Pour comprendre la force de ce lieu, il faut se rappeler qui en sont ses occupants : quand en 1927, la princesse russe Véra Mestcherskaïa obtient une part du terrain du cimetière communal grâce au soutien de la bienfaitrice Dorothy Paget, c’est pour y enterrer les émigrés russes qui ont fui la Révolution menée par les bolcheviks. Ceux qu’on appelle les Russes Blancs sont les défenseurs du Tsar Nicolas II et de l’impérialisme, opposés à la prise de pouvoir des communistes. Suite à une guerre civile qui fera plus de huit millions de morts, les vaincus choisissent de s’exiler à travers l’Europe et le Monde dans les années 1920, et notamment en région parisienne.

C’est ainsi qu’est acquis en 1927 le château de la Cossonerie à Sainte-Geneviève-des-Bois, qui devient une maison de repos et de retraite pour la diaspora baptisée la Maison russe. La suite logique veut que les pensionnaires décédés seront inhumés sur place.

Cimetière russe

Les descendants de l’écrivain Léon Tolstoï sont enterrés ici. (MP/EI)

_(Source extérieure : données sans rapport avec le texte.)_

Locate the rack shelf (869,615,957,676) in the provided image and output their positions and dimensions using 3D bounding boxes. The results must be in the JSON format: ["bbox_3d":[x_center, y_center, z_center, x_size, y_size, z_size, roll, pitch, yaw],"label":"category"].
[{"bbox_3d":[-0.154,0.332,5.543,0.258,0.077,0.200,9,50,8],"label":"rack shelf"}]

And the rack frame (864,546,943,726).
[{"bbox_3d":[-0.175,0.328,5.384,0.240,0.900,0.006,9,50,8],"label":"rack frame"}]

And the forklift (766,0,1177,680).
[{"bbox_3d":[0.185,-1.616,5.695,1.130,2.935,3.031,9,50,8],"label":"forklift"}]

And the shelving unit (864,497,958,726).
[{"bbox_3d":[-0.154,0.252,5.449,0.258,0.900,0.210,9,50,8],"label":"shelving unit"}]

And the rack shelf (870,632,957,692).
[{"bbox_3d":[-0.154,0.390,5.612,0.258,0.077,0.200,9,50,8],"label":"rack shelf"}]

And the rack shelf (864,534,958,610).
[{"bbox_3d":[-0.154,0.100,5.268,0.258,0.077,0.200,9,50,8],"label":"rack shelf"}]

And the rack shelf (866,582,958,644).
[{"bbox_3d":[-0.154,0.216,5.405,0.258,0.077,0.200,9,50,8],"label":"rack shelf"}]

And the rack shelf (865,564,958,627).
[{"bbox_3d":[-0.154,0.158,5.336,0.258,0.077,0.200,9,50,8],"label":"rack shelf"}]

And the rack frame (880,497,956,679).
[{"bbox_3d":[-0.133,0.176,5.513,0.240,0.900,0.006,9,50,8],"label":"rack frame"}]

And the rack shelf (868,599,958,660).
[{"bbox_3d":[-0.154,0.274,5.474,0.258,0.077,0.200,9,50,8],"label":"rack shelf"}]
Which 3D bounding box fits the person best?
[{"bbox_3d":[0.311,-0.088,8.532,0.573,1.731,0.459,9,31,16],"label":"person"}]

Le cimetière de Liers devient ainsi un symbole de l’émigration russe, et pas seulement noble : des descendants du tsar, archiducs et autres princes et princesses, mais aussi des artistes, écrivains ou peintres, dont la tombe se résume parfois à une simple croix en bois abîmée par le temps. Des traces des Grands du passé sont présentes ici et là : femme et enfants du compositeur Igor Stravinsky, fils du joaillier Fabergé, petit-fils de Léon Tolstoï… une façon de perpétuer l’importance de ce lieu pour la communauté russe. C’est d’ailleurs ici qu’est enterré l’acteur Patrick Topaloff, décédé il y a à peine trois ans.

Aujourd’hui, on y trouve 5 220 stèles russes où sont inhumés plus de 15 000 personnes, des prix Nobel comme des divisions militaires, dans la plus grande nécropole orthodoxe en dehors de Russie. Véritable monument historique, et accompagné de l’église Notre-Dame-de-l’Assomption, ce gigantesque patrimoine demeure malgré tout un lieu de recueillement. Loin du morbide, un bel endroit pour se souvenir.

Le cimetière russe de Liers est situé rue Léo-Lagrange à Sainte-Geneviève-des-Bois, accessible jusqu’à fin septembre de 8h à 19h, puis de 8h à 17h jusqu’en mars.